▶ [INSTRUCTIONS TO FOLLOW] Extract every line starting at the line that contains "Answer in list" and ending with the final line of the data, inclusive; give only those lines, word for word.

(Stored items from a collection)
★ ★ ★ ★ ★ ★ ★

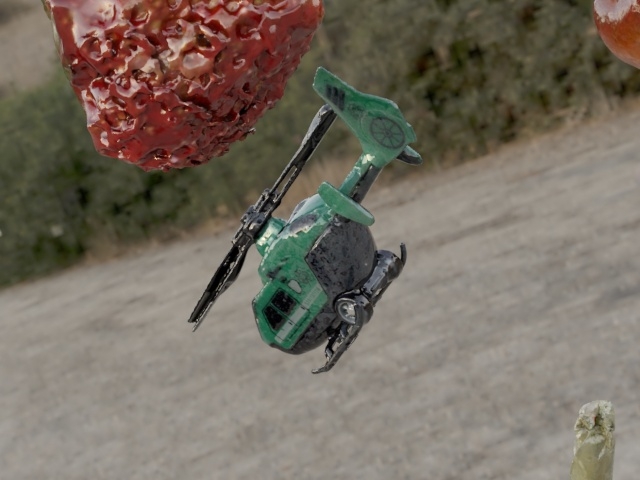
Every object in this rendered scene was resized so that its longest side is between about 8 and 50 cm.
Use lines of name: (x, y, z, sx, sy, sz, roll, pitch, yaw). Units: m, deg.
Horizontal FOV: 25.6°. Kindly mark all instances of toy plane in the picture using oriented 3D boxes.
toy plane: (0.000, 0.000, 1.263, 0.106, 0.155, 0.382, -53, -2, -38)

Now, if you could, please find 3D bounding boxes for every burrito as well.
burrito: (0.335, 0.280, 1.739, 0.058, 0.188, 0.045, -4, 29, -3)

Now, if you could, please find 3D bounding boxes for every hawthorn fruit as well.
hawthorn fruit: (0.291, -0.189, 1.137, 0.140, 0.125, 0.125, 23, -22, -39)

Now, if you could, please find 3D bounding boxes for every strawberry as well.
strawberry: (-0.091, -0.149, 0.976, 0.201, 0.184, 0.187, -15, 55, 23)
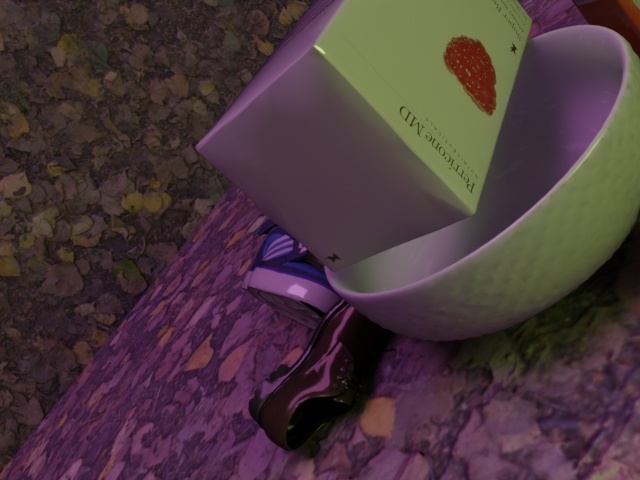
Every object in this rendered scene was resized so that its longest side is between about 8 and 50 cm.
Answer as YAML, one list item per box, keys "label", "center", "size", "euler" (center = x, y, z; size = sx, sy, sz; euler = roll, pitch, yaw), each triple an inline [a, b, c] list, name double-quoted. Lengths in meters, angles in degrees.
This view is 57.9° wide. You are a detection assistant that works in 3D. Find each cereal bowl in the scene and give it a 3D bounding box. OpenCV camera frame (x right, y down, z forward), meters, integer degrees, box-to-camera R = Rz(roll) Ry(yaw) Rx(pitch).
- label: "cereal bowl"
  center: [0.169, -0.037, 0.568]
  size: [0.339, 0.141, 0.339]
  euler: [-41, 22, 20]

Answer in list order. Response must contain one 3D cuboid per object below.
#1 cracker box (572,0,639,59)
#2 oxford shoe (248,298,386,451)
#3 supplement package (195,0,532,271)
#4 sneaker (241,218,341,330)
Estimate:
- label: "cracker box"
  center: [0.387, -0.331, 0.638]
  size: [0.232, 0.155, 0.067]
  euler: [-48, 19, -1]
- label: "oxford shoe"
  center: [0.026, 0.143, 0.652]
  size: [0.227, 0.083, 0.096]
  euler: [-50, 38, -4]
- label: "supplement package"
  center: [0.057, -0.149, 0.542]
  size: [0.175, 0.177, 0.293]
  euler: [-25, 30, 47]
- label: "sneaker"
  center: [0.000, 0.000, 0.864]
  size: [0.236, 0.130, 0.322]
  euler: [-57, 16, -12]

★ ★ ★ ★ ★ ★ ★

▶ [ANSWER TO THE EXERCISE]
Answer in list order. Response must contain one 3D cuboid per object below.
#1 cracker box (572,0,639,59)
#2 oxford shoe (248,298,386,451)
#3 supplement package (195,0,532,271)
#4 sneaker (241,218,341,330)
Estimate:
- label: "cracker box"
  center: [0.387, -0.331, 0.638]
  size: [0.232, 0.155, 0.067]
  euler: [-48, 19, -1]
- label: "oxford shoe"
  center: [0.026, 0.143, 0.652]
  size: [0.227, 0.083, 0.096]
  euler: [-50, 38, -4]
- label: "supplement package"
  center: [0.057, -0.149, 0.542]
  size: [0.175, 0.177, 0.293]
  euler: [-25, 30, 47]
- label: "sneaker"
  center: [0.000, 0.000, 0.864]
  size: [0.236, 0.130, 0.322]
  euler: [-57, 16, -12]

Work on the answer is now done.